# Passport expiration for FM3



## circle110 (Jul 20, 2009)

The time has come for me to look at getting an FM3 (I know the name is now no-inmigrante but FM3 is easier to type!) instead of using an FMM.

As I looked at the FM3 requirements on different sites, I found on one site that it is a requirement that your passport be valid for 6 months past the end of the duration of the visa. I didn't see that anywhere else. Does anyone know if that is indeed the case?

I hope not because mine expires in September of this year! I had planned to renew in the US in August when I spend 6 weeks in the country. Maybe I'll have to wait until I renew my passport to apply for the FM3?


----------



## RVGRINGO (May 16, 2007)

I think it is a requirement, but I don't know if it is universally enforced. However, you can renew your passport at the US Consulate earlier, if that is convenient. See their website for requirements for online forms and how to pay.


----------



## sparks (Jun 17, 2007)

I renewed my passport in Vallarta but not sure how much time leeway they'll give you ... they certainly must be familar with the Mexican visa system


----------



## makaloco (Mar 26, 2009)

I have a similar issue: my passport expires in December and my FM2 renewal is in November. The consulate (ours is Cabo San Lucas) is familiar with the Mexican requirement and said I could renew my passport well in advance. They even said "now" several months ago when I asked. I'm procrastinating because it's three hours each way to CSL and I have to go twice. :-(


----------



## RVGRINGO (May 16, 2007)

It would seem that "procrastination" might lead to having to leave the country, renew your passport, return on an FMM and start the FM3 process all over again, perhaps with fines for failure to renew on time. That's probably why the Consulate suggested, "now".


----------



## makaloco (Mar 26, 2009)

Sorry, I didn't express that clearly. The consulate didn't suggest that I renew my passport "now" (last summer, more than a year in advance of its expiration), they only indicated that I *could* do it that early if I wished. Meaning that the OP could probably renew his passport here in Mexico and apply for his FM3 without having to wait until after his August trip to the US.

I definitely won't procrastinate long enough to jeopardize my FM2 renewal!


----------



## circle110 (Jul 20, 2009)

Thanks Makaloco, that appears to be my best course of action. Especially since I may have the need of leaving the country for a week via air in 2 months and would have to leave my car here against the law if I don´t have a resident visa by that time.

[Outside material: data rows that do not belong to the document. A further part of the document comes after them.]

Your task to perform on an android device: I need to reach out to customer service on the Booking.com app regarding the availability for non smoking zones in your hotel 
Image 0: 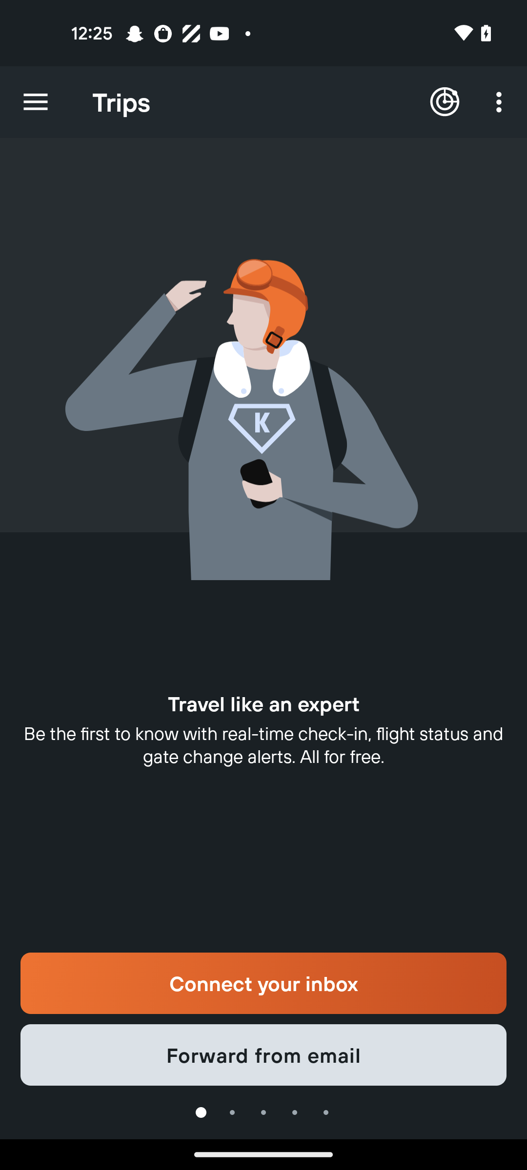
open the booking.com app
Step 0: open app "Booking.com"
Image 2: 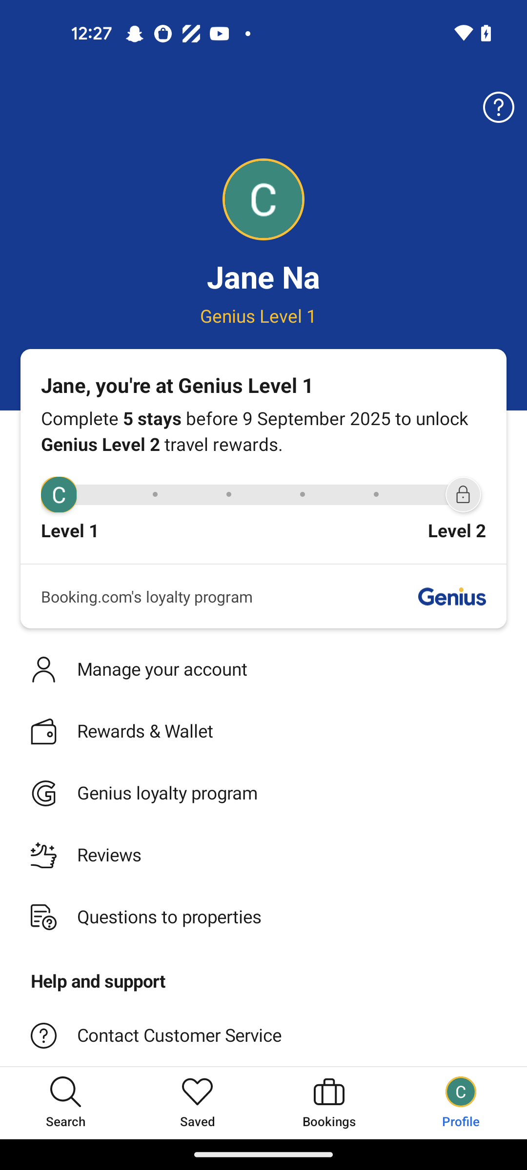
Swipe up
Step 2: scroll down
Image 3: 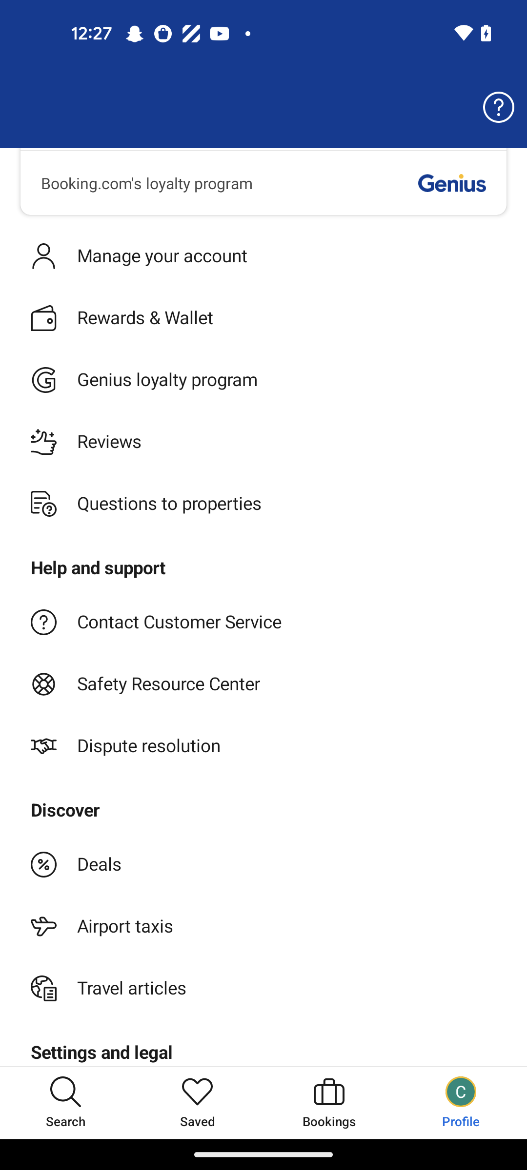
Click on the contact customer service option
Step 3: click (286, 622)
Image 4: 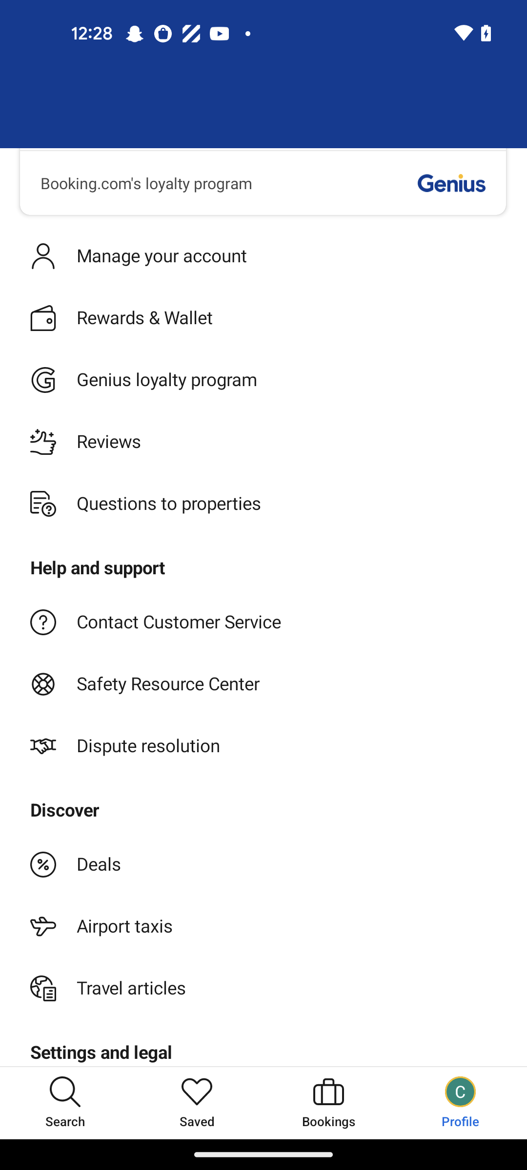
Click on the contact customer service option
Step 4: click (278, 622)
Image 5: 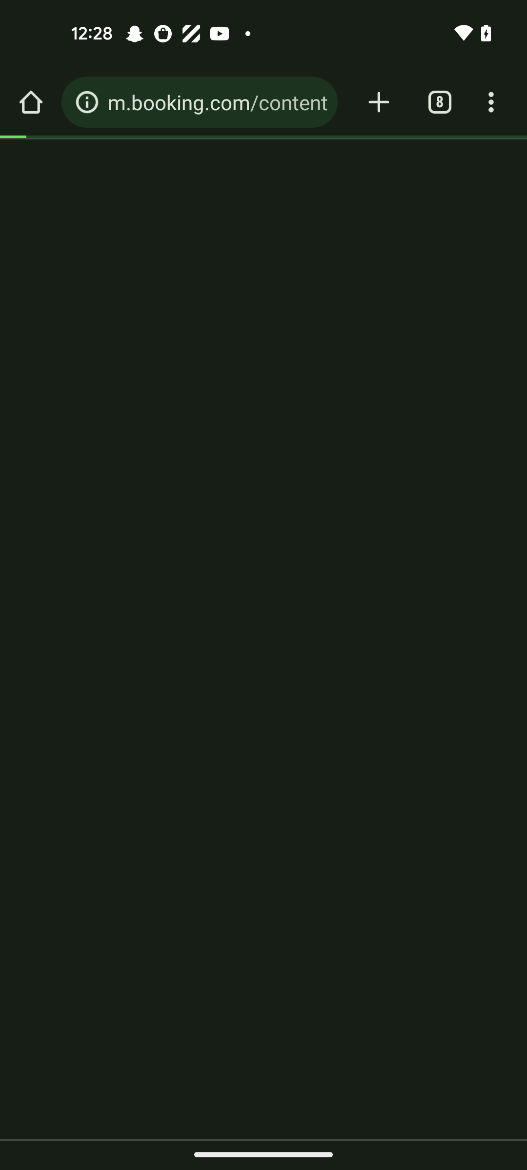
Click on the contact customer service option
Step 5: wait
Image 6: 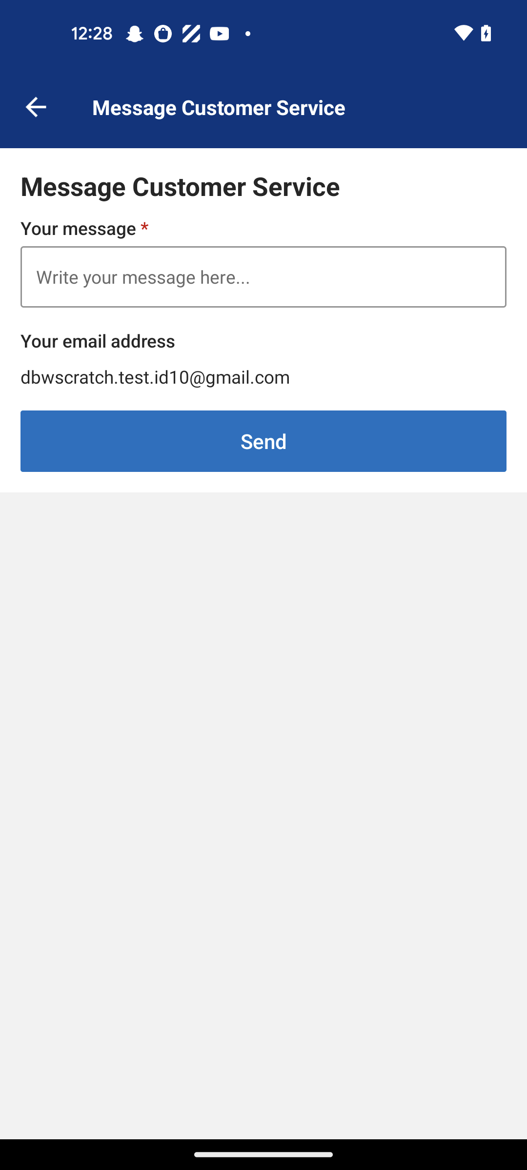
Enter a message as  May i know your hotel is smoking free zone 
Step 6: type " May i know your hotel is a smoking free zone "
Image 7: 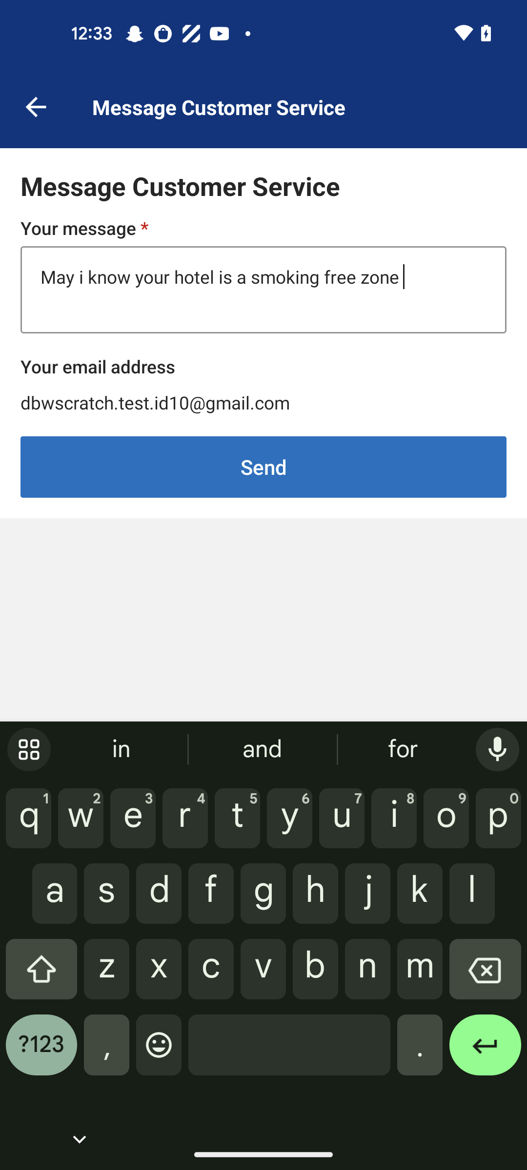
Click on the send button
Step 7: click (263, 467)
Image 8: 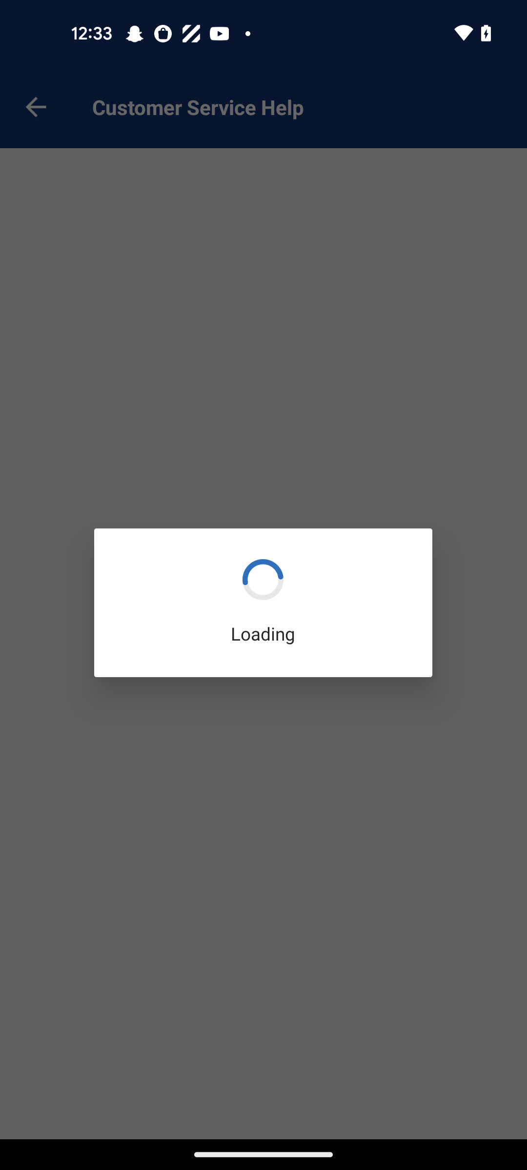
Click on the send button
Step 8: wait

That brings me to another question. I entered Mexico 3 days ago on an FMM and got the temporary permit for my car. Once I get my FM3, will that permit automatically change to match my visa, or will I have to do something to modify my car permit´s status?


----------



## RVGRINGO (May 16, 2007)

You won't have to do a thing. In spite of the 'expiration date' on your car permit, it will remain valid so long as you maintain continuously valid immigration status. Changing from FMM to another status satisfies that requirement.


----------